Previous study had demonstrated that PE3 strategy was able to insert single LoxP site into the genome. However, the most widely application of Cre/LoxP system, conditional loss- or gain-of-function experiments, require the insertion of paired LoxP sites. To test if Bi-PE strategy could achieve targeted insertion of paired LoxP sites in the same allele, we design a pair of pegRNAs aiming to insert paired LoxP sites with same orientation and flanking a 90-bp segment into the HEK3 locus (Figure 5A).
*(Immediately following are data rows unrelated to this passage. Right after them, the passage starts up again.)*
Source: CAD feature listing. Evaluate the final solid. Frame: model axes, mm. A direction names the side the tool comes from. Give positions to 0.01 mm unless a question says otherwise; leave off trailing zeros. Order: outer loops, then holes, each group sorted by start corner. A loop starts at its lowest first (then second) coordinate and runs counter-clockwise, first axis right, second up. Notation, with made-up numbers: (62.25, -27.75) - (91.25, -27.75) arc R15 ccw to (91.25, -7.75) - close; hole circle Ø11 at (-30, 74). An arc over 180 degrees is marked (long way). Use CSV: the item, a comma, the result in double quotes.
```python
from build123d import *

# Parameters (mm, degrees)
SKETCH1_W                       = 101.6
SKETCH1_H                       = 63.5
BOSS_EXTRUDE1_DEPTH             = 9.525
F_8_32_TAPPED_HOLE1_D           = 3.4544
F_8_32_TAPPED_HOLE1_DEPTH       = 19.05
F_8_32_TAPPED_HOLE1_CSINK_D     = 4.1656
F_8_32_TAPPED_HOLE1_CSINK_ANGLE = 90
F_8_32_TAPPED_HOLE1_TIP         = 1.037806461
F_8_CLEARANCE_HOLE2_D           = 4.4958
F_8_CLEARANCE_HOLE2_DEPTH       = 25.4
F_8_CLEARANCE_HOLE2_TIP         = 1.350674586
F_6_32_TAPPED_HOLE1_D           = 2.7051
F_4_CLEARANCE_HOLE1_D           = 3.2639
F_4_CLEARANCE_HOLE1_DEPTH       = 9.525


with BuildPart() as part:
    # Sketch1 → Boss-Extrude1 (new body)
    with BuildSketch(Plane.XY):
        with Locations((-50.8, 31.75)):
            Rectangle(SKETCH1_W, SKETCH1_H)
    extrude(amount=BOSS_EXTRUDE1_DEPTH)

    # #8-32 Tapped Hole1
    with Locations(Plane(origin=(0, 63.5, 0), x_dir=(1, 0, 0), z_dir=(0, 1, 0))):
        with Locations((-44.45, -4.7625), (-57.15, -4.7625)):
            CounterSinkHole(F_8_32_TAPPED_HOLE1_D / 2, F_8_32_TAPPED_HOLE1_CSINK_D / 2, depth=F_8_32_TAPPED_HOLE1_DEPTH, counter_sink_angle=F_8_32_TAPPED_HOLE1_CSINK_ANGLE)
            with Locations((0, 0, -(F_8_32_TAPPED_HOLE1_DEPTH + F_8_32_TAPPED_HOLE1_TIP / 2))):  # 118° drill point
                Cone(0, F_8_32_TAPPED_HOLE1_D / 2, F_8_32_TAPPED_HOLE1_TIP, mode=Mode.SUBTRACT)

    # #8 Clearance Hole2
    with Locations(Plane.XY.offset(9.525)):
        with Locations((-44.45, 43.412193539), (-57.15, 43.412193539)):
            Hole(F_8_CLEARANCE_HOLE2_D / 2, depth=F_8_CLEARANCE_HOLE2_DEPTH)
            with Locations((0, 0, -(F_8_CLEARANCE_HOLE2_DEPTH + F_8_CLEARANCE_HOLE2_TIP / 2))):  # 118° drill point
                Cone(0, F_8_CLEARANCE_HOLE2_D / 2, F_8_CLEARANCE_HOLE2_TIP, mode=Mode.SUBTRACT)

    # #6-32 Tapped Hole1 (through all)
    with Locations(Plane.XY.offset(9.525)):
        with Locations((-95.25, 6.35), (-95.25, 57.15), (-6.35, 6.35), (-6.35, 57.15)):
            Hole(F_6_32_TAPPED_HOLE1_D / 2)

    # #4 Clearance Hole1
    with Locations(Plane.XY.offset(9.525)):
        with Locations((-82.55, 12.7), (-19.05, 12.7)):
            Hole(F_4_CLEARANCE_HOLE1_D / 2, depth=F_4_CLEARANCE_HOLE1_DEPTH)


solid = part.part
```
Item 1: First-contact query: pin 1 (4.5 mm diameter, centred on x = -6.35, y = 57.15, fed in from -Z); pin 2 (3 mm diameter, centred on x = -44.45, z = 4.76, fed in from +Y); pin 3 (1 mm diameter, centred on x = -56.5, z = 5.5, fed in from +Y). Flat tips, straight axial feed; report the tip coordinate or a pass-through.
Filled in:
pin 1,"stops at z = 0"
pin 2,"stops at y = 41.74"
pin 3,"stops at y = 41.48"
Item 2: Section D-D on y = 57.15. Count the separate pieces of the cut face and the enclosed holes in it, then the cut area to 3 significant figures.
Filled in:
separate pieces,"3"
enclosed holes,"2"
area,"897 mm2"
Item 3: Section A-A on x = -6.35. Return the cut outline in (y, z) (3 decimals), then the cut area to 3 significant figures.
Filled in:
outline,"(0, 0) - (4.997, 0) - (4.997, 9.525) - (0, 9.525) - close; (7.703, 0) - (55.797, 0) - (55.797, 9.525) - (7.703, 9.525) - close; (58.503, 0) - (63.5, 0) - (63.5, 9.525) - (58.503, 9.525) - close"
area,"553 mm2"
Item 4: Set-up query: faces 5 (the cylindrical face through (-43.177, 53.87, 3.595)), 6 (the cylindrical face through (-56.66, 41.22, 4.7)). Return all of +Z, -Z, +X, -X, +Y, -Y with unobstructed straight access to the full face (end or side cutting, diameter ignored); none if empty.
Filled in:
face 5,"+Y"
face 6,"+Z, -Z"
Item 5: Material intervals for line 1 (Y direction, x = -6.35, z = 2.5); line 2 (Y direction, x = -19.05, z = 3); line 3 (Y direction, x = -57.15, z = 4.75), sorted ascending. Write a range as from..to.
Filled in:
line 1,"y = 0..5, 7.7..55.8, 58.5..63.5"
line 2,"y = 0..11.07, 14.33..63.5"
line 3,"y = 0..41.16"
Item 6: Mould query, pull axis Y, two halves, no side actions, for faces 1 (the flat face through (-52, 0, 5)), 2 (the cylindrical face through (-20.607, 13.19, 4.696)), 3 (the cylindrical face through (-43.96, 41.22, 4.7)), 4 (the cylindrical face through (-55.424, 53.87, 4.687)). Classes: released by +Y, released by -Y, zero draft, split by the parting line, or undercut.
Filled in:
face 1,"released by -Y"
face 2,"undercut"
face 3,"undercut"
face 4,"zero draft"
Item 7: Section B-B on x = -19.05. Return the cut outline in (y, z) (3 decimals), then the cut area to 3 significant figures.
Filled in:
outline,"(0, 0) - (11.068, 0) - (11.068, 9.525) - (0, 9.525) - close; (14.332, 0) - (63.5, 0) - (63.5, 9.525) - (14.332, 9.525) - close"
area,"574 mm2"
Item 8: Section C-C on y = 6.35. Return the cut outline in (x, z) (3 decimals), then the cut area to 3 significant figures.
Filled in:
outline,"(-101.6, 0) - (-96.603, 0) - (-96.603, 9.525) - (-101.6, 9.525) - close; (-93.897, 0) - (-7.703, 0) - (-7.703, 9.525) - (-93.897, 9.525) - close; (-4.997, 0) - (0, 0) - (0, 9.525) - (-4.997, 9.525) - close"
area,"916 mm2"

We transfected those pegRNAs together with PE2 into HEK293T cells and determined the presence of LoxP insertions by PCR. For the PCR reaction, we designed paired primers flanking outside the PBS to avoid amplifying randomly integrated LoxP. As shown in Figure 5B, we did detect a band corresponding to the size of double LoxP insertions. To better quantify the efficiency of double LoxP insertions, we cloned the PCR products into plasmids and performed single colony analysis (Supplementary Figure S16a). The analysis revealed that the efficiency of double LoxP insertions was about 13.2% (Figure 5C and Supplementary Figure S16b). Sanger sequencing of these colonies harboring LoxP sites confirmed that these events were actually targeted but not random insertion (Supplementary Figure S16c). Among the alleles harboring double LoxP sites, 72% were accurate and the rest alleles were found to contain fragment deletions between the LoxP sites (Figure 5D, Supplementary Figure S16c and Supplementary Figure S16d). Then we tried to lengthen the segment flanked between LoxP sites to 198-bp (Figure 5B). To facilitate the detection of LoxP insertion, we added EcoRV sequences to each LoxP sites, so that the presence of the insertions could be detected by EcoRV digestion. As shown in Figure 5B, we observed alleles containing single or double EcoRV sites, indicating single or double LoxP insertions respectively. However, the level of the insertions was significantly lower than that observed in 90-bp segment. Single colony analysis revealed that the efficiency of double LoxP sites was 2.9%, in which 52% were accurate (Figure 5C, D and Supplementary Figure S17). When we lengthened the segment to 372-bp, we did not detect obvious LoxP insertions (data not shown). Together, these results suggested that Bi-PE strategy was able to achieve double fragment insertion, but its efficiency attenuated with the lengthening of the segment in-between the insertions.

All data supporting the findings of this study are available in the article and its supplementary figures and tables or can be obtained from the corresponding authors upon reasonable request. Deep-sequencing data are available under BioProject ID PRJNA809555.